**Problem to work on**
Among the lines of the data, copy those that hold "dict".

(Data items)
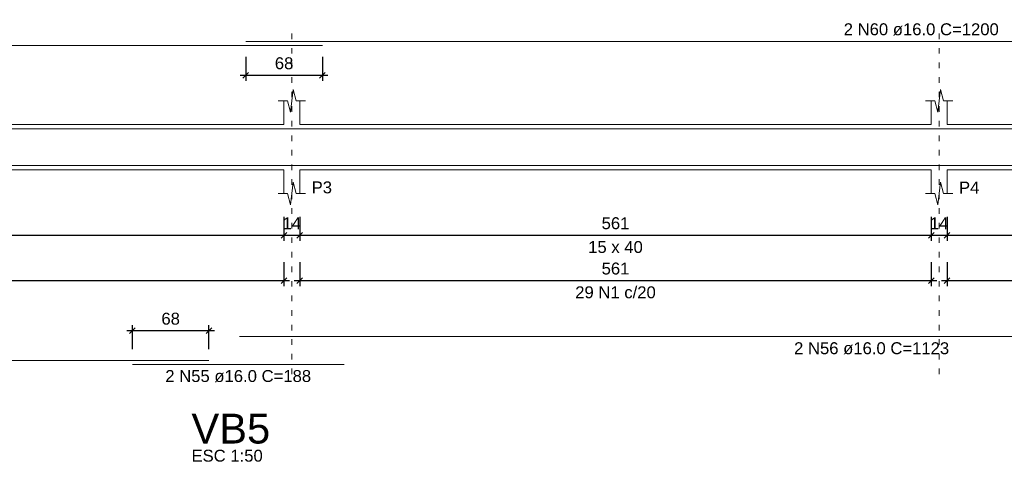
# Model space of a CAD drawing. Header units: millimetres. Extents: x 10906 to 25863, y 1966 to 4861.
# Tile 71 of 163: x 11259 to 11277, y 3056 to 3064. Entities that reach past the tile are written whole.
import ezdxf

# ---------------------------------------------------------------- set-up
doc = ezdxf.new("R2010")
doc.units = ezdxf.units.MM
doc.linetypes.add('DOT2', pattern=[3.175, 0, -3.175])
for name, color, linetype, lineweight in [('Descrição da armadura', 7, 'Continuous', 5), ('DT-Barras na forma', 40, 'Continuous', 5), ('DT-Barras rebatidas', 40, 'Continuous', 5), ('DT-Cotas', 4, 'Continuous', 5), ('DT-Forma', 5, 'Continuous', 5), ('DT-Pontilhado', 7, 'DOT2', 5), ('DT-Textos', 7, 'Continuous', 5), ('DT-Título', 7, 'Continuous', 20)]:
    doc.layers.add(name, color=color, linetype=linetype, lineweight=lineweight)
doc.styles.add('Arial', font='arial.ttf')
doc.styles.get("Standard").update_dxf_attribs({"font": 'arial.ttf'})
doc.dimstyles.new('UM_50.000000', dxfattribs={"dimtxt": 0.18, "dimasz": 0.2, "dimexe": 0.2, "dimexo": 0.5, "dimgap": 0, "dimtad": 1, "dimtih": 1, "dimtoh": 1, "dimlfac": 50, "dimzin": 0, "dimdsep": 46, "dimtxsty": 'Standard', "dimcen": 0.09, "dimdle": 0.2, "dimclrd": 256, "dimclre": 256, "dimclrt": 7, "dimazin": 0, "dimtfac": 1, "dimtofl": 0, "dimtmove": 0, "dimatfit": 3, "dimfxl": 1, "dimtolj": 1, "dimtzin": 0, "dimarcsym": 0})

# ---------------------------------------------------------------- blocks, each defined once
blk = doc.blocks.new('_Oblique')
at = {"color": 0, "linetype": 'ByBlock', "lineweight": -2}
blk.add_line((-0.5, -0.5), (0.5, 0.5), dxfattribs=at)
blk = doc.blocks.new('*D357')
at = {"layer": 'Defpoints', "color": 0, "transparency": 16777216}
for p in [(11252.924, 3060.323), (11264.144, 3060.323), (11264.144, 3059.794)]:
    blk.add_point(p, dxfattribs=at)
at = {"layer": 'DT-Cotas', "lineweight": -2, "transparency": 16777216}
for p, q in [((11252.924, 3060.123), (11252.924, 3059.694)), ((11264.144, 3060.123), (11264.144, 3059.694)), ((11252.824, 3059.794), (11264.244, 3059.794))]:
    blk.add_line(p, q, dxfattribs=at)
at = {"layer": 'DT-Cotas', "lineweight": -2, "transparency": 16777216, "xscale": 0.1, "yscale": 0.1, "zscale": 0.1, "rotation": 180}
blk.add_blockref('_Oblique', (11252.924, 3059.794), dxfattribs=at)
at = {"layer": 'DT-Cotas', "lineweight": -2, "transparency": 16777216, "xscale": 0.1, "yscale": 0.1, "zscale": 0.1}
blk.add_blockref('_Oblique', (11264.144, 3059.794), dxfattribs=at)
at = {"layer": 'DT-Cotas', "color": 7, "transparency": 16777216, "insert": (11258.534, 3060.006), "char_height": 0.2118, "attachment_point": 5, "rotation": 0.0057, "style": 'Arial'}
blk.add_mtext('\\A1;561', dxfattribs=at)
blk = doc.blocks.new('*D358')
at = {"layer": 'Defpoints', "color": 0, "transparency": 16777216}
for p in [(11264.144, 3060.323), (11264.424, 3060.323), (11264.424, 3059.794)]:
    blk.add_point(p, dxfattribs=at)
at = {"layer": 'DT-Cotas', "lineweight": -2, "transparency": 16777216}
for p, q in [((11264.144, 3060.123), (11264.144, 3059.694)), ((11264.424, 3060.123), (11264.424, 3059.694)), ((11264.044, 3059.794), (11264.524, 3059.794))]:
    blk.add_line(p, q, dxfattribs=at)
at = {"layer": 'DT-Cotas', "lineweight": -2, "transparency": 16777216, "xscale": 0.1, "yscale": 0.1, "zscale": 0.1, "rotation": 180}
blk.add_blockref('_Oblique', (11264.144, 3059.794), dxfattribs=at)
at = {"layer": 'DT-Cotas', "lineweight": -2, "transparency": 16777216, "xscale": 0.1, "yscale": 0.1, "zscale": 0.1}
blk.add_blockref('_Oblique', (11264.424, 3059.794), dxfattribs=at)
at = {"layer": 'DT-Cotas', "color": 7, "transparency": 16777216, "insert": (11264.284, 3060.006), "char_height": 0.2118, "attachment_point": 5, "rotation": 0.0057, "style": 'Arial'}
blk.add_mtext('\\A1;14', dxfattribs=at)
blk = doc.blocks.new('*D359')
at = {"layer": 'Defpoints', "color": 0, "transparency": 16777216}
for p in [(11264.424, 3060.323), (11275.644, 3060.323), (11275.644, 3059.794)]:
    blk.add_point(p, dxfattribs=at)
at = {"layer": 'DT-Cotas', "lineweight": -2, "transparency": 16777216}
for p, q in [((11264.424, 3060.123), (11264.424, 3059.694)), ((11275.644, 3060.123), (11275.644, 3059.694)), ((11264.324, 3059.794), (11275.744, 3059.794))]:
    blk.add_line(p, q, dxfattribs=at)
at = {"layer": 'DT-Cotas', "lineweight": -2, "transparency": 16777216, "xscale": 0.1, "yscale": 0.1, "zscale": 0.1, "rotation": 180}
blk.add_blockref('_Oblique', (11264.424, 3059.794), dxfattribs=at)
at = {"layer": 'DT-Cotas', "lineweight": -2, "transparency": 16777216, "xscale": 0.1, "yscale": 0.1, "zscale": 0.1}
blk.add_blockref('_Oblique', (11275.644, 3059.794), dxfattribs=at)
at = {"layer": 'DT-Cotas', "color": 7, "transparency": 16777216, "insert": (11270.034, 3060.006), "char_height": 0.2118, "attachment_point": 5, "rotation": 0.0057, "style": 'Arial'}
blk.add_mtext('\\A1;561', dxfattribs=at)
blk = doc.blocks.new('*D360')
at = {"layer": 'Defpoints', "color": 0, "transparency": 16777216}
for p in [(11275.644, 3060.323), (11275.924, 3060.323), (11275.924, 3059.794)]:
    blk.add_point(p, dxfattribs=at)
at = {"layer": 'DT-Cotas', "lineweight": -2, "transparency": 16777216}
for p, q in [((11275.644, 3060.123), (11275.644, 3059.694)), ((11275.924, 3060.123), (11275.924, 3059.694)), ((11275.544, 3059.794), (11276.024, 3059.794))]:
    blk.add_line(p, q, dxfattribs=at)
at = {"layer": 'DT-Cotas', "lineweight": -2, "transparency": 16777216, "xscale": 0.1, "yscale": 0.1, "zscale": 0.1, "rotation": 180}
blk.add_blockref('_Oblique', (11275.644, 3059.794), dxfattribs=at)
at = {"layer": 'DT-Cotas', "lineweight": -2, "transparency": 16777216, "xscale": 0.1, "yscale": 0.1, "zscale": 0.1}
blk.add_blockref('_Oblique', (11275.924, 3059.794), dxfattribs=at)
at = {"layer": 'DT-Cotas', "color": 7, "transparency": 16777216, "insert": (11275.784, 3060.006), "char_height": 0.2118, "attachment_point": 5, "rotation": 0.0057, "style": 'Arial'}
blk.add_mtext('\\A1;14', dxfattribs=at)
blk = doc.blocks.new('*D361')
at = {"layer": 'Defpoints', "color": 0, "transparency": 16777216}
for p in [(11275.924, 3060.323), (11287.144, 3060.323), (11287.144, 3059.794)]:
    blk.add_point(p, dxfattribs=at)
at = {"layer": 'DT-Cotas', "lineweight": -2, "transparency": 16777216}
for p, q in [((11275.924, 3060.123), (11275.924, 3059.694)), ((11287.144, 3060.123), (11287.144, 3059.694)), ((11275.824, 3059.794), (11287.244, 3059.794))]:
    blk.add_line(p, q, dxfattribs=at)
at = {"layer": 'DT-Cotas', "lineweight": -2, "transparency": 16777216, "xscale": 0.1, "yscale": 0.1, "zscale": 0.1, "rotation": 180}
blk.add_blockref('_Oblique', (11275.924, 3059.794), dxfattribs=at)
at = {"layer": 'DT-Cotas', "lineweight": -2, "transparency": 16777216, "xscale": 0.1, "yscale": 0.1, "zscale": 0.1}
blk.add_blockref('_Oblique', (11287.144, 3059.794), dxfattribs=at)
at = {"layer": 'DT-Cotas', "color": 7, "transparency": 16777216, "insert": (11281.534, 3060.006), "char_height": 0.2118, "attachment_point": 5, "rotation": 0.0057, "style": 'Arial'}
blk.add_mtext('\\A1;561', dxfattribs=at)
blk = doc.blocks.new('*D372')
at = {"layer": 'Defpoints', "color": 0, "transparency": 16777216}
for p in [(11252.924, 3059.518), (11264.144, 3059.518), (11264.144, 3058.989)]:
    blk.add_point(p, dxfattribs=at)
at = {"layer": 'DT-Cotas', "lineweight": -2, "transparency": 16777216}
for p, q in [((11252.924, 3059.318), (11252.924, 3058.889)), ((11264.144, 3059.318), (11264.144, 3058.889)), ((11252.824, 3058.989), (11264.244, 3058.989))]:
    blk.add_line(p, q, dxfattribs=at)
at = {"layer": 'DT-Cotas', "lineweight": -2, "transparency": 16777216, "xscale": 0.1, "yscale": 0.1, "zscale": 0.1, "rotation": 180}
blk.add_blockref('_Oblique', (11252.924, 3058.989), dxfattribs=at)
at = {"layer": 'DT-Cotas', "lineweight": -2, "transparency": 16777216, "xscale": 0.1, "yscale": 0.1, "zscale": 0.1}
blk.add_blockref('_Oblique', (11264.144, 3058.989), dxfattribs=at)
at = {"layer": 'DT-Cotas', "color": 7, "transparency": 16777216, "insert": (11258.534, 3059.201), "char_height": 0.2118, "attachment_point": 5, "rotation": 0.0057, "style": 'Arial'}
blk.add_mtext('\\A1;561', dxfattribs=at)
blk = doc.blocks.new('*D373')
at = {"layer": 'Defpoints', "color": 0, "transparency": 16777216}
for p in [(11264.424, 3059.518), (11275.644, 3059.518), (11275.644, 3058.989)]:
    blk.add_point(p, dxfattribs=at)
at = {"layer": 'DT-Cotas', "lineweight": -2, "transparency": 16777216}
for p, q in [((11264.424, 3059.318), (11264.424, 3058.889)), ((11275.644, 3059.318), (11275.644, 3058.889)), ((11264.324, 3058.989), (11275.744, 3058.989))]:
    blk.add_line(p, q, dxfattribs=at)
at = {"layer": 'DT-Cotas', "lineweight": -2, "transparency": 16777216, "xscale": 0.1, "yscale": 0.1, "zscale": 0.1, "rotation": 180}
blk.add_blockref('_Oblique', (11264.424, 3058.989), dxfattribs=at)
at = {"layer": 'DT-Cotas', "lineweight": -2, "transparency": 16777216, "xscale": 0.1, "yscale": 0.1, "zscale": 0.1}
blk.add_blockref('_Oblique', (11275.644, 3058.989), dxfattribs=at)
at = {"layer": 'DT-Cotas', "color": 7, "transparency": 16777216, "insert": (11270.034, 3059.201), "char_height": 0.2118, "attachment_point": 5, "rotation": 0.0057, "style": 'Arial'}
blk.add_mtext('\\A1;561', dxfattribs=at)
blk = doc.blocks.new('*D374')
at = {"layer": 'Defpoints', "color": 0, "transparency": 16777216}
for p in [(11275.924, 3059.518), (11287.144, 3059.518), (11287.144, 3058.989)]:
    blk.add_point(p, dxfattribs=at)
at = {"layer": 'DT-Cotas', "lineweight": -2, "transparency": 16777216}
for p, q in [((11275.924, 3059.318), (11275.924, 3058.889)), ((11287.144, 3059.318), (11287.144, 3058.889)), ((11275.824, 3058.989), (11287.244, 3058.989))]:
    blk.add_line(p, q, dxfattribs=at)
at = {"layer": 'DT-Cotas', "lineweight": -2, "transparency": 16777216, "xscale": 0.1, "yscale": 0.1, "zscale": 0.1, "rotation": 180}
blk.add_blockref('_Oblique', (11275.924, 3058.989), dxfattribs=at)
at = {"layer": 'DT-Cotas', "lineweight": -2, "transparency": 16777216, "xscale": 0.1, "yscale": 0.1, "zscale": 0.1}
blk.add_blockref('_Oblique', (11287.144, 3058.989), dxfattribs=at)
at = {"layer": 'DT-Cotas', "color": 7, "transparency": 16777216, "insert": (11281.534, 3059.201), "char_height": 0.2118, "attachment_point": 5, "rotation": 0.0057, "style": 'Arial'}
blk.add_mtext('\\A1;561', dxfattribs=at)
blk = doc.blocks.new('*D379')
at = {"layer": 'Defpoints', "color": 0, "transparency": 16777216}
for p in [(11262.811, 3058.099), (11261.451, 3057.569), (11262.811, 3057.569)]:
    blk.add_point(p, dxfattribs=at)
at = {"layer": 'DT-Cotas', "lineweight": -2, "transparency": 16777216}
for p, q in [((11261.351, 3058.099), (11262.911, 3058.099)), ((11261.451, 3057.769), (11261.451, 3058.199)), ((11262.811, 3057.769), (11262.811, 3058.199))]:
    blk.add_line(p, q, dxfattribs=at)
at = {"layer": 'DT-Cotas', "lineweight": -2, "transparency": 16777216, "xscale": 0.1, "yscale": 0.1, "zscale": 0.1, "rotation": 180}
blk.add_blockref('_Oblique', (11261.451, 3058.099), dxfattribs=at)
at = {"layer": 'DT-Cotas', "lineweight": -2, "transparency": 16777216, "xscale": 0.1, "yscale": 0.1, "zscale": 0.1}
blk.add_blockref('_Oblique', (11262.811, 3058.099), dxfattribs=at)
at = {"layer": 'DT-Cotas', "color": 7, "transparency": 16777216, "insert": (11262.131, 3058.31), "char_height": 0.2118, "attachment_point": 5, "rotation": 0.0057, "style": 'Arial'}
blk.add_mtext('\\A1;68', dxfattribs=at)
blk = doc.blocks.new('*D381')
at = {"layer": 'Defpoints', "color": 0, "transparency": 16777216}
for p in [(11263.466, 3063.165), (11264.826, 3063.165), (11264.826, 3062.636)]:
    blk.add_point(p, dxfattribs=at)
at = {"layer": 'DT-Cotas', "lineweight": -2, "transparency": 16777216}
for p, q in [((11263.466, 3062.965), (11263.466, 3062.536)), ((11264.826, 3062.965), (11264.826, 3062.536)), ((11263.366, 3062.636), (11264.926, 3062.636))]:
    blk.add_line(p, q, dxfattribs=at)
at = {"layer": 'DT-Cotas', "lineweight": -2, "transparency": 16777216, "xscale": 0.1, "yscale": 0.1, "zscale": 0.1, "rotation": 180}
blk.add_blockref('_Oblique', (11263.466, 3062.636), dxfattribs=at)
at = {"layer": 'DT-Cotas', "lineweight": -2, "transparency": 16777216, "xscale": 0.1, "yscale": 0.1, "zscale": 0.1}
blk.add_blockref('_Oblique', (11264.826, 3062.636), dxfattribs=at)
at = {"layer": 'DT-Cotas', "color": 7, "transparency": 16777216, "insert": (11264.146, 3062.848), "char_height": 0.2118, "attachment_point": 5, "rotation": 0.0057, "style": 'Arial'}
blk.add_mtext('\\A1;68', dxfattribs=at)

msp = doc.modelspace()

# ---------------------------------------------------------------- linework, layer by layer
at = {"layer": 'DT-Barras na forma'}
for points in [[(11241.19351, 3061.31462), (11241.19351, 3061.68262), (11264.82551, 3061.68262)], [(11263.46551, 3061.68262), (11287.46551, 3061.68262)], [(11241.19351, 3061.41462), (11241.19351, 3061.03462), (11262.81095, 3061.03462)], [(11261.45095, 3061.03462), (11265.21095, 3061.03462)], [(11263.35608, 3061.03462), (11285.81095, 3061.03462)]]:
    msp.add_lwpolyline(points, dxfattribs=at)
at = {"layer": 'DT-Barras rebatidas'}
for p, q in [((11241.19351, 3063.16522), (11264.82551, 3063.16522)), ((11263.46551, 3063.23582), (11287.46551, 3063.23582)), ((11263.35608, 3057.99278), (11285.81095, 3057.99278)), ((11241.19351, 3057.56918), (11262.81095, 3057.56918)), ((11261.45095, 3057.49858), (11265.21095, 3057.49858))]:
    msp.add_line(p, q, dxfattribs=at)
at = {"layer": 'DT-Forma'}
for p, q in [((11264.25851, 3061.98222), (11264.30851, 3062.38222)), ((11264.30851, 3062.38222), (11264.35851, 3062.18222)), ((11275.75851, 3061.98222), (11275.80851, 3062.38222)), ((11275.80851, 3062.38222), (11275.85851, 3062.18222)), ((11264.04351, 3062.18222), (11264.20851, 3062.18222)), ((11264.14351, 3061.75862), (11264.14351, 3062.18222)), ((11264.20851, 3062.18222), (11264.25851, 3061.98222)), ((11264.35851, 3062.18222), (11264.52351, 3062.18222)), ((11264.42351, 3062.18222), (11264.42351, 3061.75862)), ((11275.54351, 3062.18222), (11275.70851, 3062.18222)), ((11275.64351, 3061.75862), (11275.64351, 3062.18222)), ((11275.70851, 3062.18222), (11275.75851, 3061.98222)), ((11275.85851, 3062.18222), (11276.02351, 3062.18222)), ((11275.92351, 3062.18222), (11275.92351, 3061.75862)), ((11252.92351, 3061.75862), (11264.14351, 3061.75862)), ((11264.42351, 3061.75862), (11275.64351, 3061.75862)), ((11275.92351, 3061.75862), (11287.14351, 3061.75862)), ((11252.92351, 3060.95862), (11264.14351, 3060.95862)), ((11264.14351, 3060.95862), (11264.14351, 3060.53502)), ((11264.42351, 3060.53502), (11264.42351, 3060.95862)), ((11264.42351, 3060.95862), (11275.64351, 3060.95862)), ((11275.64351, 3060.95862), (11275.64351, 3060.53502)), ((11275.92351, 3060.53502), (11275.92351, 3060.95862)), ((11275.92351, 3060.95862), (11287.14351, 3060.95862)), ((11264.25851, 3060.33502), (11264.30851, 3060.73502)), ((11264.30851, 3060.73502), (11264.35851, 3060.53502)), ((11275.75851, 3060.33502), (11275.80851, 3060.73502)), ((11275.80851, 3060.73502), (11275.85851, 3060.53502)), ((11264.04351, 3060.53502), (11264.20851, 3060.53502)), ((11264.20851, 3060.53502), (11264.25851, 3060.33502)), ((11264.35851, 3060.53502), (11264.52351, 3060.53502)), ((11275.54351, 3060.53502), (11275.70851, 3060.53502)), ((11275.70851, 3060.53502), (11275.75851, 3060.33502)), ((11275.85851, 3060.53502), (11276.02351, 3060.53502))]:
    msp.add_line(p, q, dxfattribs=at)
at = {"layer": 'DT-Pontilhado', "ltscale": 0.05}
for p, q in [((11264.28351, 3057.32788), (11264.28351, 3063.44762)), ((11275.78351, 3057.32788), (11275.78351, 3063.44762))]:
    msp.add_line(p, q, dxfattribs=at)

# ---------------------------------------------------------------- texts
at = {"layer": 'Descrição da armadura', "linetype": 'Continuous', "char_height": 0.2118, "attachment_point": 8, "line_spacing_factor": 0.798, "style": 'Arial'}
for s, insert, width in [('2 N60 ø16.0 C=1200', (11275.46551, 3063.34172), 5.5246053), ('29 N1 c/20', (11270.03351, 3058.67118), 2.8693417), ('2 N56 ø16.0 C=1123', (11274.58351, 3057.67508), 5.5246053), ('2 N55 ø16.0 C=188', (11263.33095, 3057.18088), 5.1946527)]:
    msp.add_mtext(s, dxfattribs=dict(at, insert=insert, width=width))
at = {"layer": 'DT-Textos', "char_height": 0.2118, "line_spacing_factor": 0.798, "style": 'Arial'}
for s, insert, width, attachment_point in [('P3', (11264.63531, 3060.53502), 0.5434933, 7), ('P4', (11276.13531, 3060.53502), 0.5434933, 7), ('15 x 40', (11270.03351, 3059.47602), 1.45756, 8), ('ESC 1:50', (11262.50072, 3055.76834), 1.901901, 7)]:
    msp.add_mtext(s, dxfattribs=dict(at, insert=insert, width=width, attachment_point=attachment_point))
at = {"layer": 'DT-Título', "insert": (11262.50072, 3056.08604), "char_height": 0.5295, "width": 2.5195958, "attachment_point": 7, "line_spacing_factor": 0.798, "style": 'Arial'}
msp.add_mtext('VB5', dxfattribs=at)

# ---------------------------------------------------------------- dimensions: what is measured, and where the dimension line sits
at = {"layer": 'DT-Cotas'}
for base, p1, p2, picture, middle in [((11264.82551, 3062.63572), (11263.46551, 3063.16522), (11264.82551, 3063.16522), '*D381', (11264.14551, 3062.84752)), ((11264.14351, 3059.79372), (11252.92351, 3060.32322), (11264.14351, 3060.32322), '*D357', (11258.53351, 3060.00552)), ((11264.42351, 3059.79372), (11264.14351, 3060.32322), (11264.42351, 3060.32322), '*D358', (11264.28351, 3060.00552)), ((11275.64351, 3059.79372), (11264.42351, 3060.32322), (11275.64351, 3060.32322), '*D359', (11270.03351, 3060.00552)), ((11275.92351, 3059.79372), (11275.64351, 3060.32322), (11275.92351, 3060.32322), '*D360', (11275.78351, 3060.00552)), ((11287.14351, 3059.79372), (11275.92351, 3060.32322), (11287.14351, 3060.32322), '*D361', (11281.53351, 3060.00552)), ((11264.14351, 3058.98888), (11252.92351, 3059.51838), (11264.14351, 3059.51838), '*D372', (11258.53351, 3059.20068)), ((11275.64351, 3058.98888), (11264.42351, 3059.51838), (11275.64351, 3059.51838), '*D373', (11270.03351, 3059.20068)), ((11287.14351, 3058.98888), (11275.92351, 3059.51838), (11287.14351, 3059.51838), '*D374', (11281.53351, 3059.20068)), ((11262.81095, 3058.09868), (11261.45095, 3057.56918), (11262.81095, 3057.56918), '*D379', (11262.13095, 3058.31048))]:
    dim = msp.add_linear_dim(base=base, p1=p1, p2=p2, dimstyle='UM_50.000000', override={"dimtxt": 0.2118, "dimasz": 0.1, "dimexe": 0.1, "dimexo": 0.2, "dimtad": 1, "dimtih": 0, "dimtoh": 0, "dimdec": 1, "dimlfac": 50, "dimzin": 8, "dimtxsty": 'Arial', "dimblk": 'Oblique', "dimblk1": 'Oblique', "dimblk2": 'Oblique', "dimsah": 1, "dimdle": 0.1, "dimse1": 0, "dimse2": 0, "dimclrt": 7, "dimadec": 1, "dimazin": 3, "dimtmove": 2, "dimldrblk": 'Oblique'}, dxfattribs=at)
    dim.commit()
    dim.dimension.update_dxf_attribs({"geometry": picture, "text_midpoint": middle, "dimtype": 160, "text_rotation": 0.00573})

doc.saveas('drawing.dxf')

**Output**
    msp.add_mtext(s, dxfattribs=dict(at, insert=insert, width=width))
    msp.add_mtext(s, dxfattribs=dict(at, insert=insert, width=width, attachment_point=attachment_point))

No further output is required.